The terms “oral mucositis” and “stomatitis” are often used in place of each other, but their meanings are different.
- Mucositis is an inflammation of mucous membranes in the mouth. It usually appears as red, burn-like sores or as ulcer -like sores throughout the mouth.
- Stomatitis is an inflammation of tissues in the mouth, such as the gums, tongue, roof and floor of the mouth, and tissues inside the lips and cheeks. It includes infections of mucous membranes.
Mucositis may be caused by either radiation therapy or chemotherapy. In patients receiving chemotherapy, mucositis will heal by itself, usually in 2 to 4 weeks when there is no infection. Mucositis caused by radiation therapy usually lasts 6 to 8 weeks, depending on the duration of treatment.
The following problems may occur:
- Pain.
- Infection.
- Bleeding, in patients receiving chemotherapy. Patients undergoing radiation therapy usually do not have a bleeding risk.
- Inability to breathe and eat normally.
Swishing ice chips in the mouth for 30 minutes may help prevent mucositis from developing in patients who are given fluorouracil. Medication may be given to help prevent mucositis or keep it from lasting as long in patients who undergo high-dose chemotherapy and bone marrow transplant.
Care of mucositis during chemotherapy and radiation therapy focuses on cleaning the mouth and relieving the symptoms.
Treatment of mucositis caused by either radiation therapy or chemotherapy is generally the same. After mucositis has developed, proper treatment depends on its severity and the patient’s white blood cell count. The following are guidelines for treating mucositis during chemotherapy, stem cell transplantation, and radiation therapy:
Cleaning the mouth
- Clean the teeth and mouth every 4 hours and at bedtime, more often if the mucositis becomes worse.

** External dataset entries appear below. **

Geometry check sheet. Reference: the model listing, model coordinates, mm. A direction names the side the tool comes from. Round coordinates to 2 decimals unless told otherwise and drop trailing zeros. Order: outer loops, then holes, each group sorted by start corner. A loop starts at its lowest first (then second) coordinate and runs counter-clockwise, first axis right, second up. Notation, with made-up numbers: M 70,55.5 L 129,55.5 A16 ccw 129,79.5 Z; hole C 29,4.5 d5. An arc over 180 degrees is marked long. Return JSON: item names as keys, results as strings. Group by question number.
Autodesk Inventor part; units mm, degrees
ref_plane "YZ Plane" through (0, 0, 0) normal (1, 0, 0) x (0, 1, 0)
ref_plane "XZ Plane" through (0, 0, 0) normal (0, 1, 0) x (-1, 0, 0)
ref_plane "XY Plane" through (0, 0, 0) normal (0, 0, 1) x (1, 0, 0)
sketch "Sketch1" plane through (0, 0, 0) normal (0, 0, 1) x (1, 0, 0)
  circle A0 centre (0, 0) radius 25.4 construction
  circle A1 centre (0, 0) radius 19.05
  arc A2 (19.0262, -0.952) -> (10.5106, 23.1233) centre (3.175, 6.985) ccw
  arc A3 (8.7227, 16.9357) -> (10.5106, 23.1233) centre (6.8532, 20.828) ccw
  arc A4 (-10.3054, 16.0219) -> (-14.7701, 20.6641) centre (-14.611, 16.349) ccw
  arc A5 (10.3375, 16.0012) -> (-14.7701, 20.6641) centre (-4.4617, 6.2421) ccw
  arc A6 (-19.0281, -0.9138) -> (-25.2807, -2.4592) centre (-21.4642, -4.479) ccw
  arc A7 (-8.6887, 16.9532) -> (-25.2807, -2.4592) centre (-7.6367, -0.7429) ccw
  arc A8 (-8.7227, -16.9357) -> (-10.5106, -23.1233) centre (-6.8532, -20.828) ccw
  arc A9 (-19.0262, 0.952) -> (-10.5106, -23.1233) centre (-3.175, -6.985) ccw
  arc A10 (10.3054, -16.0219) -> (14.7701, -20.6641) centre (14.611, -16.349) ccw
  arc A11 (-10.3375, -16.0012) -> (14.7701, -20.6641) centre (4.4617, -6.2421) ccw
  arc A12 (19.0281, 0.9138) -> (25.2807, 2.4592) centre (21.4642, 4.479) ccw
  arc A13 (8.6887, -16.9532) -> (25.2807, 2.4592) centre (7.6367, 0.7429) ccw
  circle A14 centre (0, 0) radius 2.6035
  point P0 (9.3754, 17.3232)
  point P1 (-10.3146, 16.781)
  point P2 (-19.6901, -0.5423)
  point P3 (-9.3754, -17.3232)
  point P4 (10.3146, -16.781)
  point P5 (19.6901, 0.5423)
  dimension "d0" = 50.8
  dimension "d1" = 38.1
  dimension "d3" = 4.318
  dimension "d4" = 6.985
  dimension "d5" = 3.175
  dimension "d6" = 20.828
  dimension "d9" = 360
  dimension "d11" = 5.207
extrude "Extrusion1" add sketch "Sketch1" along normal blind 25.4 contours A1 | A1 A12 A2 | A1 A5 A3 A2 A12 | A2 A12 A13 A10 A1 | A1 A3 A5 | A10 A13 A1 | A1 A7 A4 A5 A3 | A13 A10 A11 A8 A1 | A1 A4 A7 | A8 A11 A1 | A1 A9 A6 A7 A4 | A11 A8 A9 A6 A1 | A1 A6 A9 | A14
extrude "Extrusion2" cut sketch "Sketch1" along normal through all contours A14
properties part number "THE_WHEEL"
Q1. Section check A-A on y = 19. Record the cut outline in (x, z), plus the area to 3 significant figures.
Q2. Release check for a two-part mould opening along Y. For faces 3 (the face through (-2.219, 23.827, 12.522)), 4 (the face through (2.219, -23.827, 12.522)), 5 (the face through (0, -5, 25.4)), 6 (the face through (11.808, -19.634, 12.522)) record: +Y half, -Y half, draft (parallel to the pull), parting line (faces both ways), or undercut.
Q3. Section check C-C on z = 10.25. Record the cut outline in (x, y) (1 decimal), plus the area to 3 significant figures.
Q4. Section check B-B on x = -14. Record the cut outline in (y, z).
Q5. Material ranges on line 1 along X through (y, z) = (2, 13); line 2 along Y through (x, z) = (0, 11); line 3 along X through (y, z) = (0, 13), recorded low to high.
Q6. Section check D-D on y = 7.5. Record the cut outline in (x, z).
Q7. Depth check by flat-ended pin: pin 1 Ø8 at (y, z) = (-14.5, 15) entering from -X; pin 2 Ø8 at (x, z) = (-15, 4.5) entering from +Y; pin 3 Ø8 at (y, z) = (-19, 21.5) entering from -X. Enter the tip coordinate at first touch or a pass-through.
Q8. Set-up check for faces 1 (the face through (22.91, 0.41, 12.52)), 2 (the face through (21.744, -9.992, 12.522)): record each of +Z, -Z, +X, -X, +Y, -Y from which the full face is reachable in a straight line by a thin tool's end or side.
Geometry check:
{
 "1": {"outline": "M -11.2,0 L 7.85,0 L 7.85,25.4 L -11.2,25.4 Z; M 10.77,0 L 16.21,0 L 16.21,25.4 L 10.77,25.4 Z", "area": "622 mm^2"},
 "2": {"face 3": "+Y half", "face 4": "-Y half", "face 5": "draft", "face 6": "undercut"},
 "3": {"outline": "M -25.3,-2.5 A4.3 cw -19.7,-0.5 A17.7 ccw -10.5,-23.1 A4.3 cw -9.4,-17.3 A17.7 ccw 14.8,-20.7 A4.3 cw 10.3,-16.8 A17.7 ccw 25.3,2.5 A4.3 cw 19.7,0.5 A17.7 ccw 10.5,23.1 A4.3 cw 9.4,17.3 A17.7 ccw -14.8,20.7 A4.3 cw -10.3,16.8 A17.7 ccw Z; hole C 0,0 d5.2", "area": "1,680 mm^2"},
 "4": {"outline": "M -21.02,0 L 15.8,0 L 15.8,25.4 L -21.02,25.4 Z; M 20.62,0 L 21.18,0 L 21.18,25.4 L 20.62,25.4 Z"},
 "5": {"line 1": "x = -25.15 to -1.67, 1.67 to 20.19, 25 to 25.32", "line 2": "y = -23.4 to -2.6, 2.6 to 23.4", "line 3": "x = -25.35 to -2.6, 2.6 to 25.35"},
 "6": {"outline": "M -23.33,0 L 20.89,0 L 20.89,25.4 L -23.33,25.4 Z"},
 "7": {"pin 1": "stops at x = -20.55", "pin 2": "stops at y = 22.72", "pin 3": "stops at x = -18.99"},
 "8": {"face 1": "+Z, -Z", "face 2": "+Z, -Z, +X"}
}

- Use a soft bristle toothbrush.
- Replace the toothbrush often.
- Use water-soluble lubricating jelly to moisturize the mouth.
- Use bland rinses or plain sterile water. Frequent rinsing removes particles and bacteria from the mouth, prevents crusting of sores, and moistens and soothes sore gums and the lining of the mouth. The following rinse may be used to neutralize acid and dissolve thick saliva:
½ teaspoon salt and 2 tablespoons baking soda in 4 cups of water.
- If crusting of sores occurs, the following rinse may be used:
- Equal parts hydrogen peroxide and water or saltwater (1 teaspoon of salt in 4 cups of water).
This should not be used for more than 2 days because it will keep mucositis from healing.